Unlike memory-based methods, model-based algorithms are usually scalable and faster, as they can efficiently handle the sparsity of the data when the dataset is too large. However, constructing the model is often expensive, and can make it difficult to introduce new data into the training dataset. Several algorithms have been proposed to increase performance by reducing complexity. For example, principal component analysis (Kim and Yum, 2005) is used to reduce the number of parameters; fuzzy clustering (Honda, et al., 2001) has been used to approximate the clustering process and missing values; and singular value decomposition has been used to reduce dimensionality (Sarwar, et al., 2000). Again, this introduces a trade-off between prediction performance and scalability. As the complexity of the model or data is reduced, scalability and performance increase, at the cost of prediction accuracy.

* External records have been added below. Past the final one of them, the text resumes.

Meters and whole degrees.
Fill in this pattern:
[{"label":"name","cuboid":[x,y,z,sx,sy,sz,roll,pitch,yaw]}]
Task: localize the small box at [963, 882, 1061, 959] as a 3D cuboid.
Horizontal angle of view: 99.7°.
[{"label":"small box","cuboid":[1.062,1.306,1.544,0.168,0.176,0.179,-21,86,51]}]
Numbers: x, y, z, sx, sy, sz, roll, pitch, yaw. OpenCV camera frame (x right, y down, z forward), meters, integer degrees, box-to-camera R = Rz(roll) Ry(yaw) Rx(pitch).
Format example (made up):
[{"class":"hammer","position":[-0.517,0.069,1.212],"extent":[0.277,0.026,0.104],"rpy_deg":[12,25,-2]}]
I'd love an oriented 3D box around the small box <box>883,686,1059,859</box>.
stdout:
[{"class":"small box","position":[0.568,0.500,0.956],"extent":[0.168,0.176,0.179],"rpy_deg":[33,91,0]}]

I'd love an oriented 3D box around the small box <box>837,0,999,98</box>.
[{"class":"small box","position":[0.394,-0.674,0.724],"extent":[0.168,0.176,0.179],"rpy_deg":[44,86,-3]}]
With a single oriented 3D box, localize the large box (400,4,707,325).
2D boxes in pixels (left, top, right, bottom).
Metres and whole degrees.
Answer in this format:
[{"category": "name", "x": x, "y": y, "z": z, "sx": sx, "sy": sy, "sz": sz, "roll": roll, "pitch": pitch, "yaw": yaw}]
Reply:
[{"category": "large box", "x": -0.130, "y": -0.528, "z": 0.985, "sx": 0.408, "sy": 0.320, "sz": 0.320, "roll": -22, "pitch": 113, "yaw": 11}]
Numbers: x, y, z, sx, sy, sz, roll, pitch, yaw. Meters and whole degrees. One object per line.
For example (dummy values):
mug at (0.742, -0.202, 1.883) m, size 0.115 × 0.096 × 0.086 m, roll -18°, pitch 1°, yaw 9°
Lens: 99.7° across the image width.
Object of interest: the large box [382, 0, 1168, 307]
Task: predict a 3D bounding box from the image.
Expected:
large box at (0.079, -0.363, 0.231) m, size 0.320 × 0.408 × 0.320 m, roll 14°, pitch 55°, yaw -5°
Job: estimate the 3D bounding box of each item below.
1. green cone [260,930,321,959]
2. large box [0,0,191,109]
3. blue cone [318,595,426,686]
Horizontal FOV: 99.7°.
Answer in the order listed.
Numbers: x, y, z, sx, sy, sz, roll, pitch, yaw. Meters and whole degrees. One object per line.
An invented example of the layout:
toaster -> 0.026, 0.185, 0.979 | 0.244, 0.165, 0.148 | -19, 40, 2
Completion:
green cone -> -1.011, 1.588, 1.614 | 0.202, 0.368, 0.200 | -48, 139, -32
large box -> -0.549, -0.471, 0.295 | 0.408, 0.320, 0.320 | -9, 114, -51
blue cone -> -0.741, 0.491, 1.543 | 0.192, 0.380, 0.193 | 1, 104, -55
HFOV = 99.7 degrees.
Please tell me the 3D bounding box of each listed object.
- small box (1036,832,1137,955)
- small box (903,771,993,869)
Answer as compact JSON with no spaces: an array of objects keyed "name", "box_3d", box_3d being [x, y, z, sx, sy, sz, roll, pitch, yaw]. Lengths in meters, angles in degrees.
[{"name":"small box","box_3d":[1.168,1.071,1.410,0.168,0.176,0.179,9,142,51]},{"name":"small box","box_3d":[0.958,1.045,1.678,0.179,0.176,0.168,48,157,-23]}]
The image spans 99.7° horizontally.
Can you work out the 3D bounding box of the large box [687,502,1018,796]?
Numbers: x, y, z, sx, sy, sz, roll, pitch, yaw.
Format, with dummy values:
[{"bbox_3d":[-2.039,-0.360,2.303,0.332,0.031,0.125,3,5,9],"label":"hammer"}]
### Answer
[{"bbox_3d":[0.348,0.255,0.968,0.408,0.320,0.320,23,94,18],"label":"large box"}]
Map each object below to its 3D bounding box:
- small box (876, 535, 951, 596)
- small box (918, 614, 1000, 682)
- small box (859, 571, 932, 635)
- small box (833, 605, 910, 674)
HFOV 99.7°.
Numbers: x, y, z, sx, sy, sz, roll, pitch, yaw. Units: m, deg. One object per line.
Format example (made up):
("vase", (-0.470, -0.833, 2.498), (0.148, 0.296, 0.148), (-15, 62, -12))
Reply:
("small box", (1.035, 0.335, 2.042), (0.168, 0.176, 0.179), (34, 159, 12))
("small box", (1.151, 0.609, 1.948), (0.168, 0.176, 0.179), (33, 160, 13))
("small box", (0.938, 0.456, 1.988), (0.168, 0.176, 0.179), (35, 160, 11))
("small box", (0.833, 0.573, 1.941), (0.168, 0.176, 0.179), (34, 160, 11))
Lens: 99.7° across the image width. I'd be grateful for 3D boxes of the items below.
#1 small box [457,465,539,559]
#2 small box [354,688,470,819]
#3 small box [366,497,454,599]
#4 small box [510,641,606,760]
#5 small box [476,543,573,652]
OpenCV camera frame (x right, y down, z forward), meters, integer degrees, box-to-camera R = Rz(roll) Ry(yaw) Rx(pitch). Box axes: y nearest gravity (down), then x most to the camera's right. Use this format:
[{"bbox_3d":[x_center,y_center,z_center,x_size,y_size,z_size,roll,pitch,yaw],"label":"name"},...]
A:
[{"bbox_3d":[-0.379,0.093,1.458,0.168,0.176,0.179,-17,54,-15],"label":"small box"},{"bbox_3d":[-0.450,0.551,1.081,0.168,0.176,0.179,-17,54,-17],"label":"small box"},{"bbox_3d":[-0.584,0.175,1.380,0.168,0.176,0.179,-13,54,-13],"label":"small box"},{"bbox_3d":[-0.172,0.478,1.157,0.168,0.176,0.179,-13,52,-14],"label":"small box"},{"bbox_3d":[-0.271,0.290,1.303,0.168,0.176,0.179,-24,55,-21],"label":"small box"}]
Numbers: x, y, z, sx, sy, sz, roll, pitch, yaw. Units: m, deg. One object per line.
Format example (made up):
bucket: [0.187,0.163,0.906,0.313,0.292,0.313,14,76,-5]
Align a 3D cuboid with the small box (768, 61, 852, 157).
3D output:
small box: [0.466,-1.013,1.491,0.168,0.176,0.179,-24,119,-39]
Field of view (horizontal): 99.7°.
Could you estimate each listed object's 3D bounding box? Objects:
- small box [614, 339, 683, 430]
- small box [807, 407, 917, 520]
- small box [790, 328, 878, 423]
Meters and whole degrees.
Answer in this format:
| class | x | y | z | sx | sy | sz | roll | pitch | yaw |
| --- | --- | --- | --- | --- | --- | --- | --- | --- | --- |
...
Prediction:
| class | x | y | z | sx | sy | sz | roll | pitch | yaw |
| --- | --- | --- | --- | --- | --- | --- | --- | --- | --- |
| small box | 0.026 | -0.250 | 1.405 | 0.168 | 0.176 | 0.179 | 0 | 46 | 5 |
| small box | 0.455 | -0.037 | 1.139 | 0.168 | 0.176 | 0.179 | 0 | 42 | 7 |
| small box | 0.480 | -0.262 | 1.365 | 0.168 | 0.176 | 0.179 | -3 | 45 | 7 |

Collaborative filtering methods have great potential in predicting diseases because of their comorbid nature in patients; that is, many diseases or symptoms tend to occur simultaneously. However, only limited research has been done in this particular field (Hassan and Syed, 2010). Davis et al. presented ICARE (Davis, et al., 2008, Davis, et al.,
38
2010), a method based on clustering and collaborative filtering to predict risk for individual patients based on their own medical history and that of other similar patients. The ICARE system uses vector similarity as a collaborative filtering method, where ‘users’ are patients and ‘items’ are diseases. This method is extended by using the inverse frequency of diseases to capture the effect that having rare diseases in common has more impact than having a trivial disease in common. While this method incorporates several features, it still does not consider the sequence or timing of diseases, which is very important in disease behaviour. For example, the risk of disease C might be higher if the patient has disease A and then disease B in sequence. However, if the patient develops disease B before A, the chances of getting C might be low. Vector similarity does not capture this sequence. Further, gaps in time between occurrences of diseases are also important. These longitudinal aspects of disease occurrence are not captured in the ICARE system. While our research method does not directly employ collaborative filtering, our approach implicitly captures the essence of it. Further, we have taken into account the effects of sequence and time gaps between occurrences of diseases.